The Shared Account Is a Moral Problem, Not a Technical One
Everyone in security knows that shared accounts are bad. The argument is technical: if five people share a login, you cannot attribute actions to individuals, you cannot build a meaningful audit trail, you cannot do forensics after an incident, you cannot enforce least privilege at the individual level. When something goes wrong in an environment with shared accounts, you know that one of five people did it. You do not know which one.
This framing is correct and it is insufficient. Shared accounts persist not because organizations don't understand the technical argument against them. They persist because the technical argument doesn't address why shared accounts feel reasonable to the people using them. The real problem is not technical. It is moral, in a specific and interesting sense.
Why shared accounts feel right
Consider the oncology nursing unit that shares a single login for the medication management system. There are twelve nurses on the floor. The system requires a password that's changed every ninety days. The password is on a sticky note in the break room.
This is a security failure of the most obvious kind. It is also, from the nurses' perspective, a completely reasonable adaptation to a system that was designed without adequate consideration for how their work actually functions. In an emergency, a nurse cannot stop to remember a password. When a patient's medication needs to be administered immediately, the barrier of individual authentication is not a security feature — it is a patient safety risk. The shared credential exists because the alternative, as the nurses experience it, is worse.
The security team sees a shared account. The nursing unit sees a workaround that allows them to deliver safe patient care. Both of them are right. The failure is in the system design that made those two things incompatible.
"The shared account is not evidence of bad security culture. It is evidence that the security requirements and the operational requirements were never reconciled."
The attribution problem as a moral problem
When something goes wrong in a shared account environment, the organization faces a choice that has moral dimensions. They know an action was taken by one of five people. They may have some circumstantial evidence about which one. Do they investigate all five? Do they discipline all five in the absence of evidence? Do they let it go because they can't prove who did it?
Each of these options is morally uncomfortable in a different way. Investigating all five treats people who did nothing wrong as suspects. Disciplining all five for an action one of them took is collective punishment. Letting it go means the person who caused harm faces no accountability, and the other four know that they could do the same thing without consequence.
The technical problem — you can't do forensics — is also a justice problem. The people who use a shared account are not just accepting a security risk. They are accepting an environment in which individual accountability has been structurally undermined. They are accepting that if something goes wrong, they may bear consequences for something they didn't do, or watch someone else escape consequences for something they did.

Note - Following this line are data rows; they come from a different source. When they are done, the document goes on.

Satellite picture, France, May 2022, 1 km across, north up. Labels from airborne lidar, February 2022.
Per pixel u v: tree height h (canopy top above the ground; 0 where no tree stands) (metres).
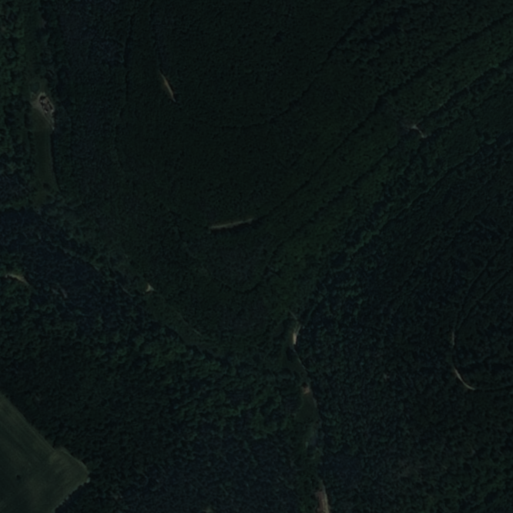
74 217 27
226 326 22
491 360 18
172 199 17
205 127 21
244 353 16
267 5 18
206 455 28
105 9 28
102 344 19
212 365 35
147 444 13
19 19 35
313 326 13
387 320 14
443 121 18
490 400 12
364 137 29
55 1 28
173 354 28
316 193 27
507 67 32
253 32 18
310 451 11
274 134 21
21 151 28
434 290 19
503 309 12
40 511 0
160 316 0
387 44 31
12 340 28
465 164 14
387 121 28
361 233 30
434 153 29
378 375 25
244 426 38
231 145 21
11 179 34
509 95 11
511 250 11
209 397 39
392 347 20
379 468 20
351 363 27
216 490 37
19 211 0
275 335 0
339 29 23
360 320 11
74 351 17
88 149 24
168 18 21
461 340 12
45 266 36
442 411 19
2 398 0
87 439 16
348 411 31
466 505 26
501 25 31
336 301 36
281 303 24
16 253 35
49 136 0
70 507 27
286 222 27
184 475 34
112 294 38
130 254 22
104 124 21
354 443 28
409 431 29
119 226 16
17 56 32
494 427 15
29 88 0
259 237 22
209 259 19
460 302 36
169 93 0
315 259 25
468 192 14
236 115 20
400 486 15
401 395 30
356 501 14
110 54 28
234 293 21
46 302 35
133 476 30
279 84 18
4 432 0
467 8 32
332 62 23
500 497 24
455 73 28
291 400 21
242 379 34
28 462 0
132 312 12
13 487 0
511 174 14
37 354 15
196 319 13
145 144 16
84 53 19
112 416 13
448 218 12
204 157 20
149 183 15
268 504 36
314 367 6
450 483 34
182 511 40
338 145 23
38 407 15
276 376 26
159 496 32
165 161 22
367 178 30
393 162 23
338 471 33
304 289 26
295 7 19
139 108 18
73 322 40
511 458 37
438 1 31
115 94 25
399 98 30
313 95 21
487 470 34
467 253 14
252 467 29
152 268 23
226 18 20
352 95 22
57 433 23
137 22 21
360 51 34
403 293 12
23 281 0
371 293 12
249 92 19
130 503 29
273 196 21
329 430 29
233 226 0
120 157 15
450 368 24
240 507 36
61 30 26
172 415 25
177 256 21
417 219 13
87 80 21
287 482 30
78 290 37
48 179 0
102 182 23
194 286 21
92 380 13
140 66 20
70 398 14
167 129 21
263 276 22
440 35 29
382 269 20
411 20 31
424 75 28
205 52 19
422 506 16
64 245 39
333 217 29
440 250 12
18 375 14
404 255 14
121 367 18
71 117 20
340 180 26
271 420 35
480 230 32
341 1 20
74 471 0
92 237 21
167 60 20
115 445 12
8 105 38
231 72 20
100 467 18
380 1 30
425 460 28
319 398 28
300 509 26
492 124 14
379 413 30
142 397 16
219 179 16
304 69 22
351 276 31
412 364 13
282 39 19
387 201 33
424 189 32
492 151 33
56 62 26
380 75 30
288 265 30
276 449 14
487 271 10
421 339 17
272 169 22
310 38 21
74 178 19
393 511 27
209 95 19
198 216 18
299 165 25
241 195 20
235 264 18
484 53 32
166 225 18
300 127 22
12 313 27
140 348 36
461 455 31
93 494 18
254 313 20
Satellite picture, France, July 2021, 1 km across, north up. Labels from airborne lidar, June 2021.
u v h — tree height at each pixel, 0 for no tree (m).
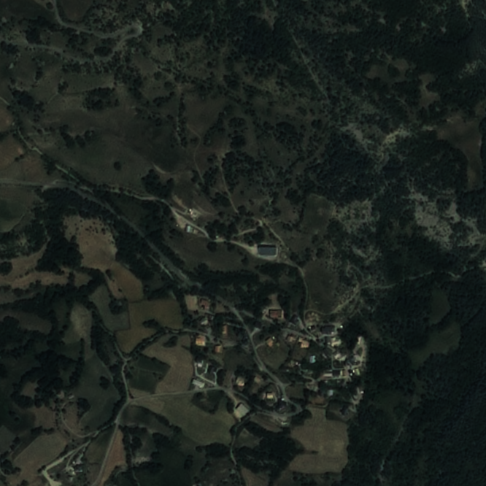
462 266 8
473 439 9
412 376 16
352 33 6
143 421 0
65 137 10
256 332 0
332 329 0
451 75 12
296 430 0
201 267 12
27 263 0
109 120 0
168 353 0
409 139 7
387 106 7
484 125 17
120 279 0
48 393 11
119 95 0
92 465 0
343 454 0
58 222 13
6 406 0
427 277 6
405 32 10
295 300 0
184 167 0
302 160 7
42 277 0
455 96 9
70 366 14
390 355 22
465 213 11
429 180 8
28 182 0
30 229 7
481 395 17
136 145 0
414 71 7
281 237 0
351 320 8
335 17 8
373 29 7
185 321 7
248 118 0
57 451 0
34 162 0
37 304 7
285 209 0
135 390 0
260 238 10
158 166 0
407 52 11
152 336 6
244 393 9
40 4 0
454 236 5
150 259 9
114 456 0
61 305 0
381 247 7
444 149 6
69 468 0
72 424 0
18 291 11
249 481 0
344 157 12
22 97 18
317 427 0
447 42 19
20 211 0
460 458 9
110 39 6
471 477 11
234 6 7
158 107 10
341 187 8
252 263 0
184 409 0
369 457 15
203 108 0
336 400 7
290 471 0
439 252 7
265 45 21
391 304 10
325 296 0
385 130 7
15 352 14
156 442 12
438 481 10
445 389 14
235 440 0
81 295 15
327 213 0
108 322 0
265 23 7
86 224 0
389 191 10
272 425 0
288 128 11
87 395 0
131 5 0
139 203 8
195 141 6
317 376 6
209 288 16
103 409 0
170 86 9
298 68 9
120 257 8
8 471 8
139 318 0
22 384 7
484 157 15
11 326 12
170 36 8
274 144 0
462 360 18
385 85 7
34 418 0
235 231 11
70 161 0
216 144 0
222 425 0
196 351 7
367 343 0
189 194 0
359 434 13
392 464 9
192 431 0
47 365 21
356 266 6
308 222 0
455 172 8
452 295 12
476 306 16
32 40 15
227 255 0
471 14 9
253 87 9
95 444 0
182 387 0
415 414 16
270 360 0
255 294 6
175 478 0
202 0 8
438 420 12
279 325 10
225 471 0
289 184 10
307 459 0
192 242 0
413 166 7
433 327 9
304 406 9
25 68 0
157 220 19
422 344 21
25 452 0
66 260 12
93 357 0
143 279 11
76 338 0
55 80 0
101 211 17
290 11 6
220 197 14
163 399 0
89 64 7
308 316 0
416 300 14
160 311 0
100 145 0
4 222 0
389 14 7
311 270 0
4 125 0
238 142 9
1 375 15
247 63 9
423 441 10
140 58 0
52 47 0
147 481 0
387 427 10
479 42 12
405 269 7
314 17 7
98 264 0
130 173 0
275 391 0
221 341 6
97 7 7
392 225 8
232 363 0
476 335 18
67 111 0
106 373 0
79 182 8
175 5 6
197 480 6
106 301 0
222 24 9
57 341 16
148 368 0
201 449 11
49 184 0
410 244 10
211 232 10
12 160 0
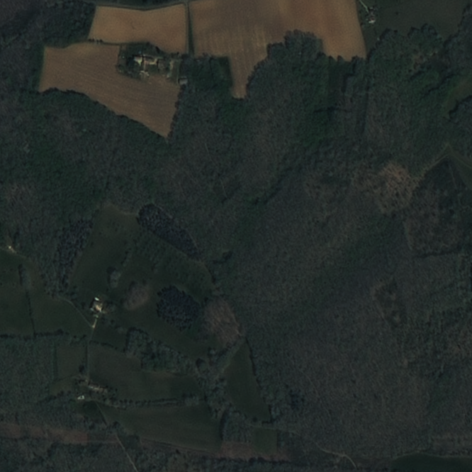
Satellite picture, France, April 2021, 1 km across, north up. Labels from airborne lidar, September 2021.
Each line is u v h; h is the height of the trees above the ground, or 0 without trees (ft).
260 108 51
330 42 0
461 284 62
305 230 49
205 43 0
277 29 0
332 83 18
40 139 80
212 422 0
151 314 0
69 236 46
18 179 74
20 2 24
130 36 0
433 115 57
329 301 49
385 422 39
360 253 64
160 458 21
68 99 68
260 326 61
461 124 52
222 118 74
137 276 0
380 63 44
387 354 47
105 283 0
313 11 0
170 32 0
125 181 56
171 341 0
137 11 0
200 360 0
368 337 49
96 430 70
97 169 52
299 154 40
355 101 41
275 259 51
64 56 0
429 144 61
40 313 0
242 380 0
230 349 59
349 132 43
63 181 82
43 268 63
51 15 35
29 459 39
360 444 50
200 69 36
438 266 42
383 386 45
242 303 55
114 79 0
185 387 0
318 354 33
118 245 0
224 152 50
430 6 0
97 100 0
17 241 56
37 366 61
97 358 0
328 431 47
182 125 70
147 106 0
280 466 49
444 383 64
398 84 48
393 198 54
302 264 46
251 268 49
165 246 35
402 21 0
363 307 39
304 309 59
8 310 0
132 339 58
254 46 0
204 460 23
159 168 56
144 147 70
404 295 48
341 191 44
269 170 49
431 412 58
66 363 0
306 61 85
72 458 52
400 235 41
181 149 53
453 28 0
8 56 45
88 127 62
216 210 50
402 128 52
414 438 59
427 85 51
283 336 46
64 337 76
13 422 32
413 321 49
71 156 57
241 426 54
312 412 32
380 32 0
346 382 33
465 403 43
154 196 63
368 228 51
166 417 0
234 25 0
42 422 54
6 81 69
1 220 67
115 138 52
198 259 49
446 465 0
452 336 21
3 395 52
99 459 50
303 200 50
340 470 43
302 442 37
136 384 0
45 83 0
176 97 0
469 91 0
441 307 73
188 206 59
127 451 38
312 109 62
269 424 32
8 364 55
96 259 0
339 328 42
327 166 33
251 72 0
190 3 0
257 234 54
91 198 72
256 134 50
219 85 53
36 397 57
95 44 31
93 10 20
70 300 18
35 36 40
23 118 84
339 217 44
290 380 37
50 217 54
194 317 45
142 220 37
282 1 0
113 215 0
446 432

Who creates shared accounts and why
Shared accounts are almost never created with the intent to undermine accountability. They are created because the alternative — individual accounts for everyone who needs access — requires provisioning processes that are too slow, or approval workflows that are too onerous, or licenses that are too expensive, or technical integrations that don't support individual authentication.
The nurse manager who put the password on the sticky note made a decision that the operational need for immediate medication access outweighed the security requirement for individual attribution. The IT administrator who created the shared admin account made a decision that the cost of provisioning individual accounts for all twelve contractors outweighed the audit trail benefit. The developer who hardcoded the shared service account credentials made a decision that getting the integration working was more important than getting it working securely.
Each of these decisions is individually defensible. Collectively, they produce an environment where accountability is systematically impossible. Not because anyone intended that outcome. Because nobody was responsible for the overall system, only for their individual decisions within it.
What this means for how we talk about it
The standard remediation advice for shared accounts is: eliminate them. Provision individual accounts. Enforce individual authentication. Require MFA. Audit the audit trail.
This advice is correct and it fails consistently because it treats a social and organizational problem as if it were a configuration problem. The nurses don't need a different password policy. They need a medication management system that was designed for how nursing work actually functions — with rapid authentication options, with role-based access that survives shift changes, with emergency access that doesn't compromise routine accountability.
The moral argument against shared accounts is not that they are lazy or negligent. It is that they create a structural injustice: an environment where individual accountability is impossible, where the people who use the shared account have accepted a risk they didn't fully choose and can't individually opt out of. That argument lands differently than the technical one. It places the obligation for change not on the users but on the system designers.
The shared account is not a user problem. It is a system design problem that has been mislabeled as a user problem. Getting that label right is the beginning of actually fixing it.